George W. Heist and Henry St. Rayner, for plaintiff in error:

When a plea in bar is interposed to a prosecution upon indictment and it states facts which, if true, would constitute a bar to further prosecution, the truth of the plea must be ascertained by a jury. (State v. Priebnow, 16 Neb 131.)

George H. Hastings, Attorney General, for the state.

OPINION

RAGAN, C.

George S. Arnold was tried in the district court of Scott's Bluff county for the crime of murder, found guilty, and sentenced to imprisonment in the penitentiary. From this judgment he prosecutes error to this court.

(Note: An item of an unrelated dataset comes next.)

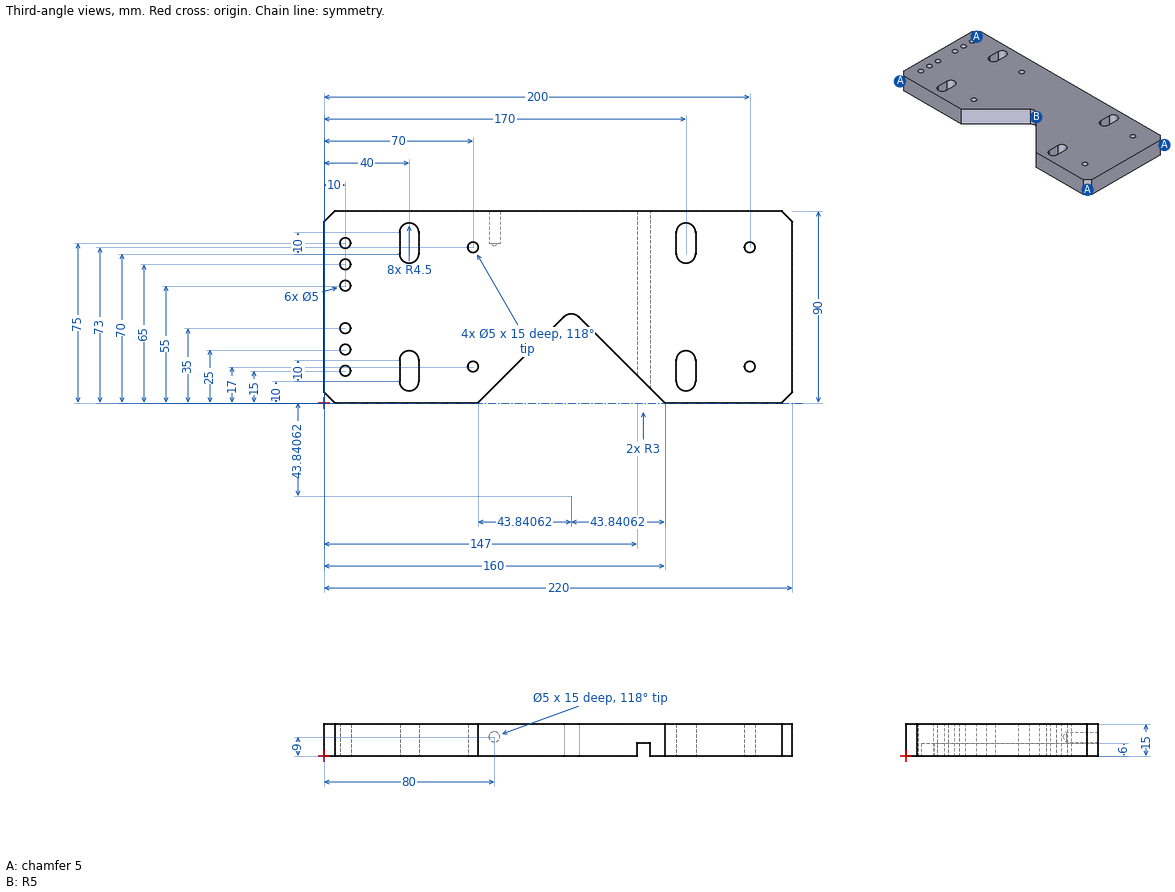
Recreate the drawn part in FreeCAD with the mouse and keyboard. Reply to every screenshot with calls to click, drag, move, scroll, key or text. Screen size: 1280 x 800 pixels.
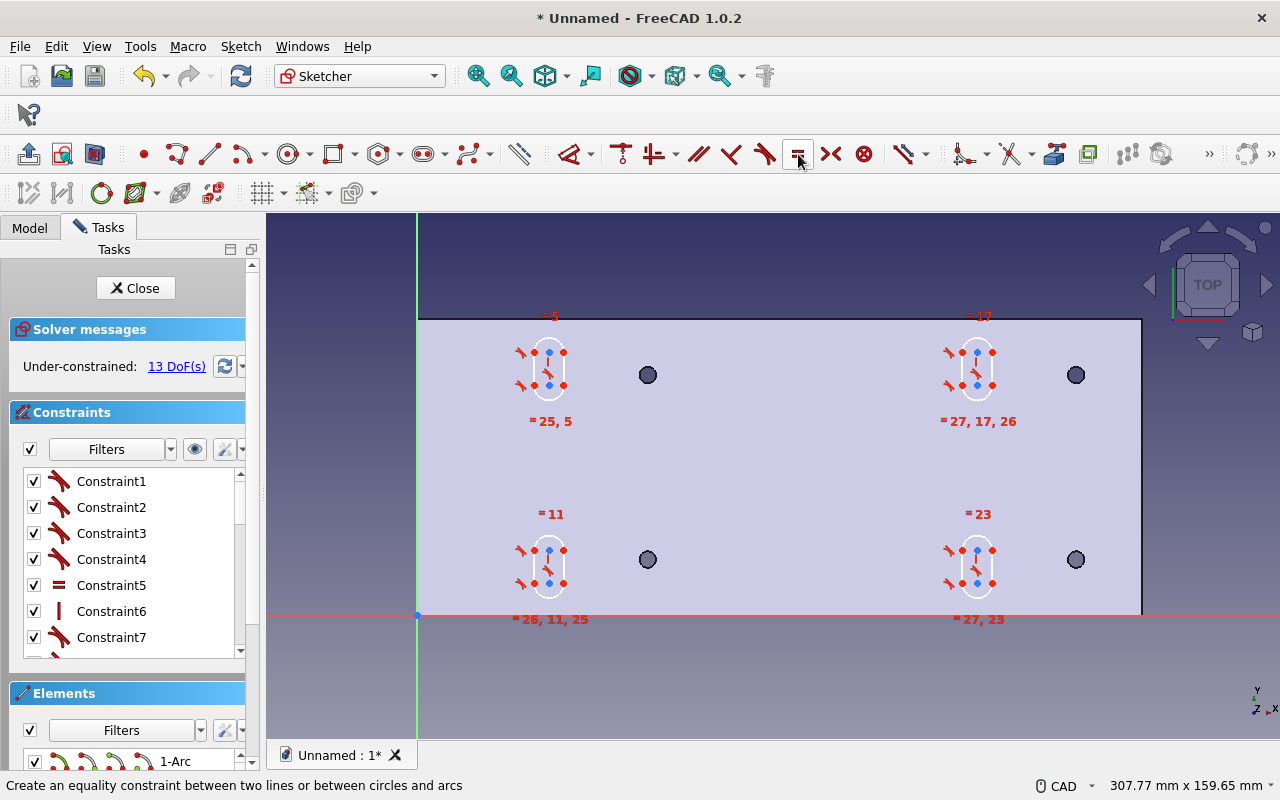
key(d)

Arnold, at the time of his arraignment, August 26, 1889, offered to the indictment against him a plea in bar as follows: "Now comes George S. Arnold, defendant, in his own proper person, into court here, and having heard the indictment read in the above entitled cause, says that the state of Nebraska ought not further to prosecute said indictment against him, because at the December, 1888, term of the district court of Cheyenne county, Nebraska, held at Sidney, in said county, he, the said George S. Arnold, was indicted by the grand jury of said county on said charge; that he was duly arraigned in said court on said indictment and pleaded 'not guilty' thereto; that after having pleaded 'not guilty,' and being placed upon his trial, was lawfully acquitted by being discharged of the offense charged in said indictment." To this plea the prosecuting attorney filed the following reply: "Now comes W. J. Richardson, prosecuting attorney of Scott's Bluff county, state of Nebraska, and replying to the plea in bar of said defendant, says that he denies each and every fact stated therein." The record before us sets out: "On the 29th day of August, 1889, the said plea in bar was tried to said court; and after hearing the evidence and arguments of counsel, the court did overrule the same, to which defendant excepted." It appears that the court, and not a jury, tried the issues of fact made by the plea in bar and reply thereto, and this is assigned as error.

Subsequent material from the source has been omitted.